Dive Brief:
- Moderna, the Cambridge, Massachusetts-based biotech at the forefront of coronavirus vaccine development, has enlisted Catalent to help with the final manufacturing steps of filling vials and packaging doses.
- Under an agreement announced Thursday, Catalent will ramp up staffing to support filling and finishing 100 million doses of Moderna's vaccine candidate, supply that's intended for distribution in the U.S. beginning in the third quarter.
- The companies are also in talks about working together on hundreds of millions of additional doses. Vial filling and packaging are the last few steps in the vaccine manufacturing supply chain, but could become a bottleneck as companies like Moderna try to make enough vaccine to provision the world.
Dive Insight:
Vaccine makers are speeding up already unprecedented development timelines as they seek a counter to the new coronavirus, which has infected 9.5 million people around the world.
Moderna is now working with the National Institutes of Health to begin a late-stage trial of its candidate in July; just two months ago, the company had hoped to begin the study this fall.
But even as they move with lightning speed, drugmakers are facing the daunting challenge of producing enough vaccine for the world. They are coping with the need to find more manufacturing capacity, as well as potential shortages of the vials needed to hold any successfully developed vaccine.

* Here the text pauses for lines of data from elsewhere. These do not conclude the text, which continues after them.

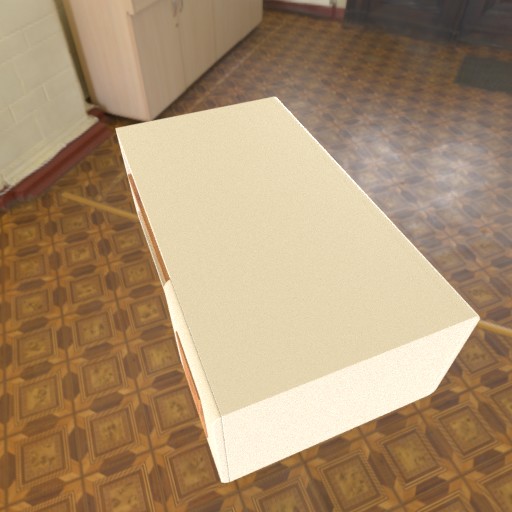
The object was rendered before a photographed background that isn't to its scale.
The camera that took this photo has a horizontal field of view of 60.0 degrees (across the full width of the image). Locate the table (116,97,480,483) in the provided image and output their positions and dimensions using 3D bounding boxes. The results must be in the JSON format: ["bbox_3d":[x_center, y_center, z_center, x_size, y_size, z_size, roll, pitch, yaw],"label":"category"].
[{"bbox_3d":[0.000,0.000,1.407,0.639,0.442,1.097,-17,49,-15],"label":"table"}]
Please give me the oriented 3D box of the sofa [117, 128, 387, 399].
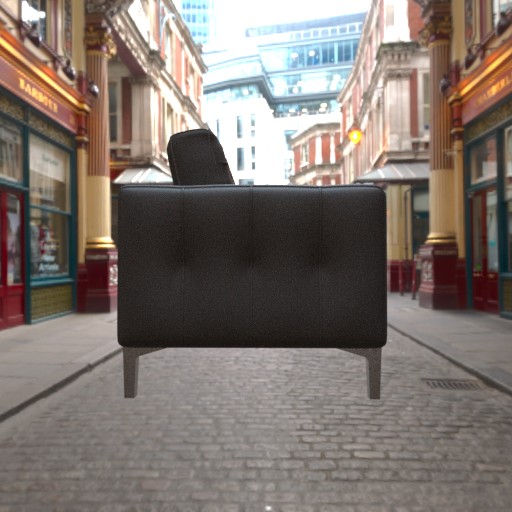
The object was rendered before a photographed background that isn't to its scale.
[{"bbox_3d":[0.000,0.000,2.165,0.833,0.893,1.726,0,-1,1],"label":"sofa"}]
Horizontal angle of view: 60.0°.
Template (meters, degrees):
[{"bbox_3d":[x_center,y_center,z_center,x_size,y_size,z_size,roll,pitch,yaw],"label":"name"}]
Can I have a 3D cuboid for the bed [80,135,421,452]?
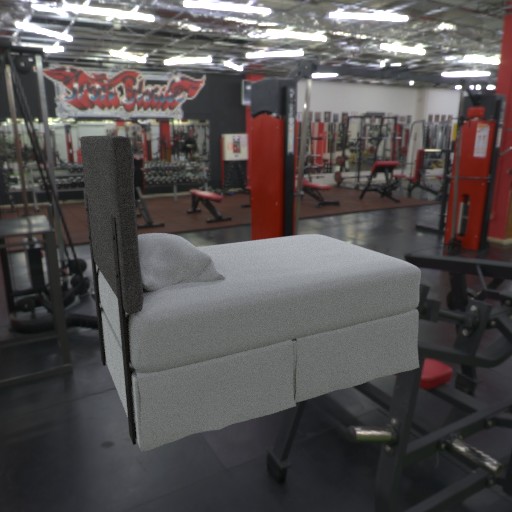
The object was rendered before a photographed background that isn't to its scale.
[{"bbox_3d":[0.000,0.000,3.003,1.997,1.571,1.261,-8,17,-26],"label":"bed"}]
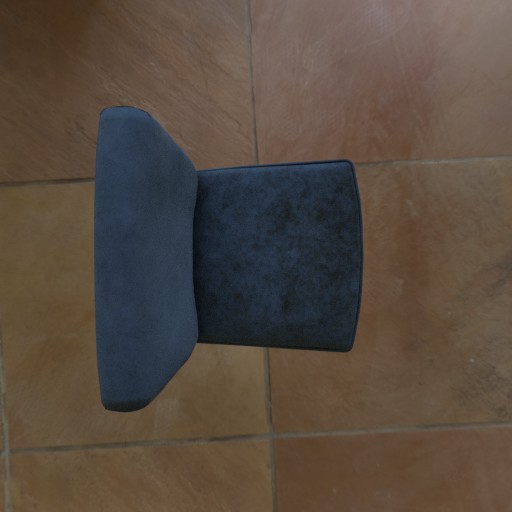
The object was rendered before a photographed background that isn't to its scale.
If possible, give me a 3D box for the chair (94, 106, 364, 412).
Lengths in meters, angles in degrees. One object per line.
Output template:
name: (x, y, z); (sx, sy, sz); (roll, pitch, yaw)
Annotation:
chair: (0.000, 0.000, 1.146); (0.551, 0.806, 0.521); (0, 91, 0)
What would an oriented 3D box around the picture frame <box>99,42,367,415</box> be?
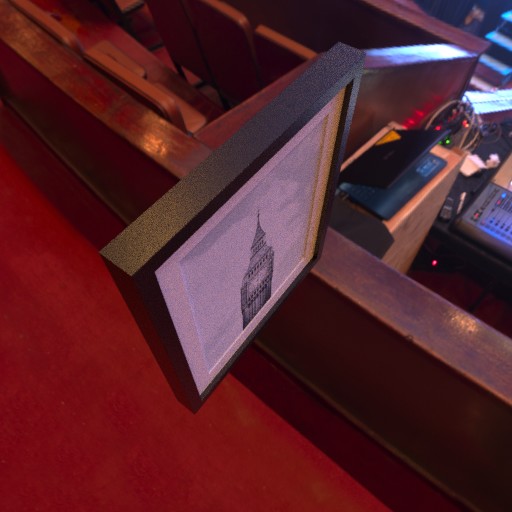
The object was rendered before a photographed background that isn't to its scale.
[{"bbox_3d":[0.000,0.000,0.539,0.034,0.378,0.328,32,62,19],"label":"picture frame"}]
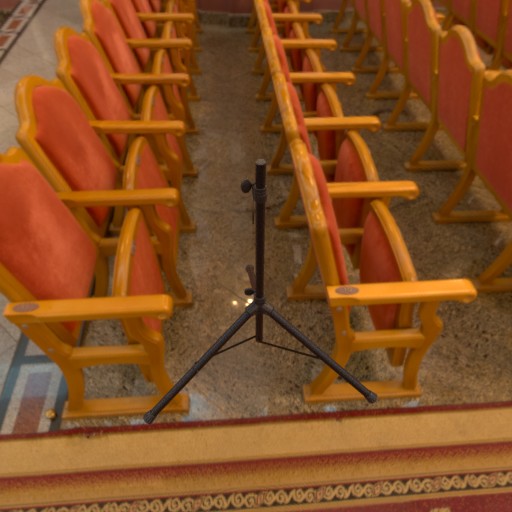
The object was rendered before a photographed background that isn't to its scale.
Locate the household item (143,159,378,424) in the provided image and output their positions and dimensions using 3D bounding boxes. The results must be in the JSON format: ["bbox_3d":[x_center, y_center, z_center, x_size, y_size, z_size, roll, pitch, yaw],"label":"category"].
[{"bbox_3d":[0.000,0.000,1.875,1.045,1.136,0.907,-3,45,-3],"label":"household item"}]
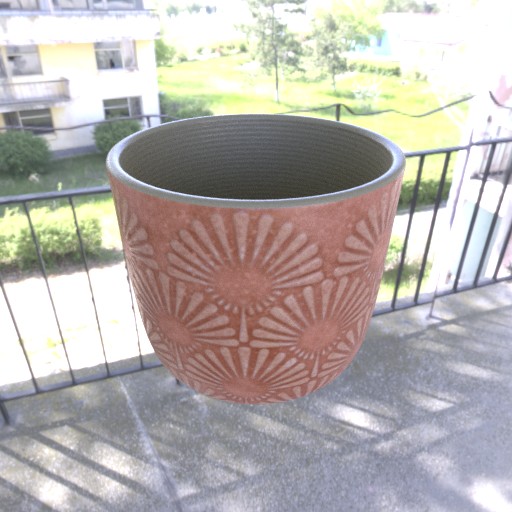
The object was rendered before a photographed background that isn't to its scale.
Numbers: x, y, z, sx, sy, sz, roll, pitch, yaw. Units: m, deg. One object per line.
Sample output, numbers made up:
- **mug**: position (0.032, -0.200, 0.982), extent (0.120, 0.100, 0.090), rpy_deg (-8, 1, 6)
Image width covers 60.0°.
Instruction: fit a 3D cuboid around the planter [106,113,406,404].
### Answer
- **planter**: position (0.000, 0.000, 0.217), extent (0.124, 0.109, 0.124), rpy_deg (0, 30, 0)
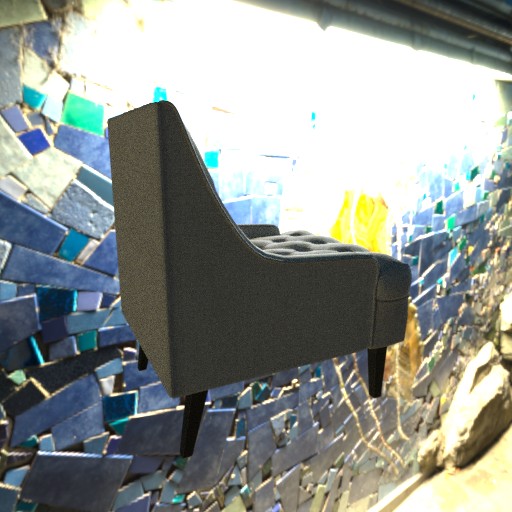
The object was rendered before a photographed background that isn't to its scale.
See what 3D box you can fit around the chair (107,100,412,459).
[{"bbox_3d":[0.000,0.000,1.435,0.772,0.891,0.658,-7,15,-26],"label":"chair"}]
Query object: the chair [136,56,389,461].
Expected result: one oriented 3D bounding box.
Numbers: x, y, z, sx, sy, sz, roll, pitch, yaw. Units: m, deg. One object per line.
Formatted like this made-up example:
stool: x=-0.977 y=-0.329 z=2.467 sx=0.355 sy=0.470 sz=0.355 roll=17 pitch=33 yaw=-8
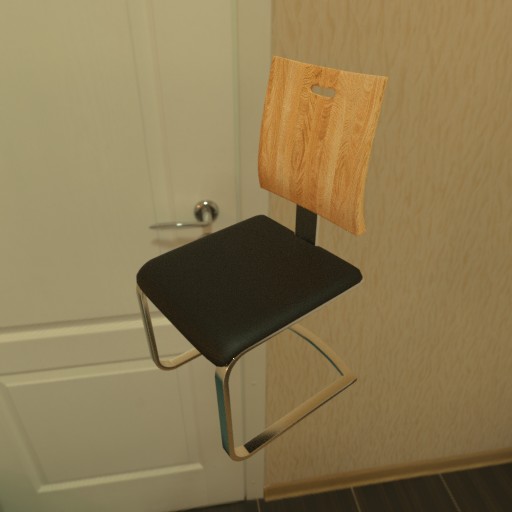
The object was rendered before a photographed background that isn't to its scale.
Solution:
chair: x=0.000 y=0.000 z=1.219 sx=0.560 sy=0.936 sz=0.462 roll=-23 pitch=39 yaw=-31
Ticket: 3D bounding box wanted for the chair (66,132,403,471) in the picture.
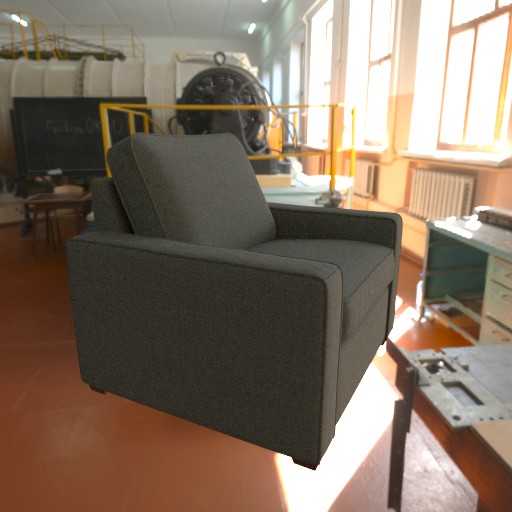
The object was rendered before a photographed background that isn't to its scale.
[{"bbox_3d":[0.000,0.000,1.712,0.940,0.919,1.017,8,18,27],"label":"chair"}]
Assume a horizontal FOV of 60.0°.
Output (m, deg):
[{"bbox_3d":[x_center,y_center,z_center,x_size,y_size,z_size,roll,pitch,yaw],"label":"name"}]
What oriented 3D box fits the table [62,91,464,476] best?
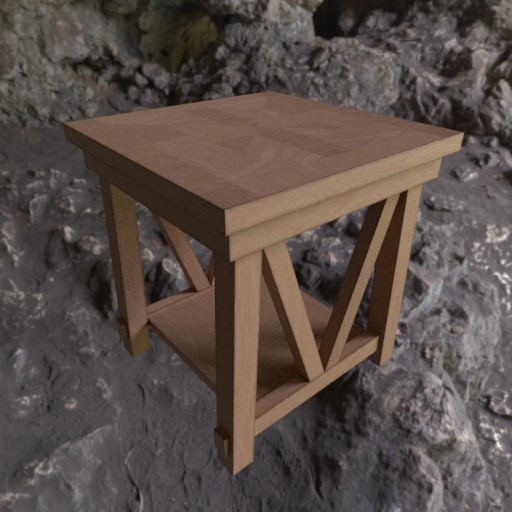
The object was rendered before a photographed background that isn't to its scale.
[{"bbox_3d":[0.000,0.000,1.110,0.612,0.638,0.610,-23,37,-33],"label":"table"}]
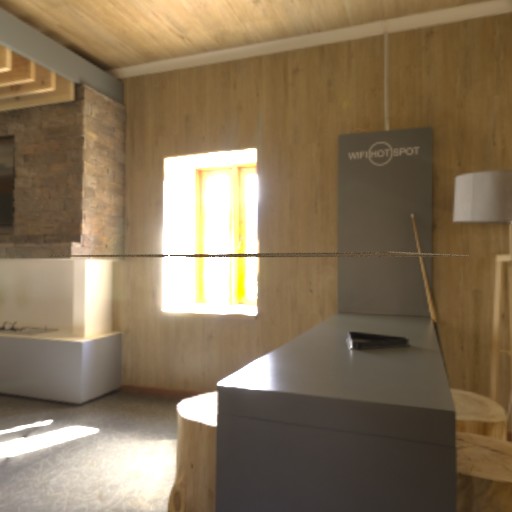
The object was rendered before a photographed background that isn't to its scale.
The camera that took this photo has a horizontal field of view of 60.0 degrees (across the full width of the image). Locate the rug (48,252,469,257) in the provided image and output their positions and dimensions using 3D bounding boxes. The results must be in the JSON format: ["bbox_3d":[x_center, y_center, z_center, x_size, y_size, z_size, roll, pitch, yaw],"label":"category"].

Catalent will provide vial filling work for Moderna at an 875,000-square-foot biologics facility in Bloomington, Indiana. The site recently expanded its capacity and its packaging lines are fully automated. Catalent said it intends to run operations 24 hours a day, seven days a week.
The New Jersey-based contract manufacturer is now involved in several efforts to produce a coronavirus vaccine. In April, Catalent agreed to manufacture Johnson & Johnson’s lead vaccine candidate in Bloomington. And this month, the company signed a deal to supply doses of AstraZeneca’s vaccine hopeful from a facility in Anagni, Italy.
All of these deals were signed and put in motion before testing has proven any vaccine effective in protecting against the virus.
Moderna may be the first to start a late-stage, placebo-controlled trial with plans to study its vaccine candidate, mRNA-1273, in 30,000 people. The trial will measure first whether Moderna's product can prevent COVID-19 from developing after an infection.
Catalent will also support the clinical study, with supply services from a site in Philadelphia that include packaging, labeling, storage and distribution.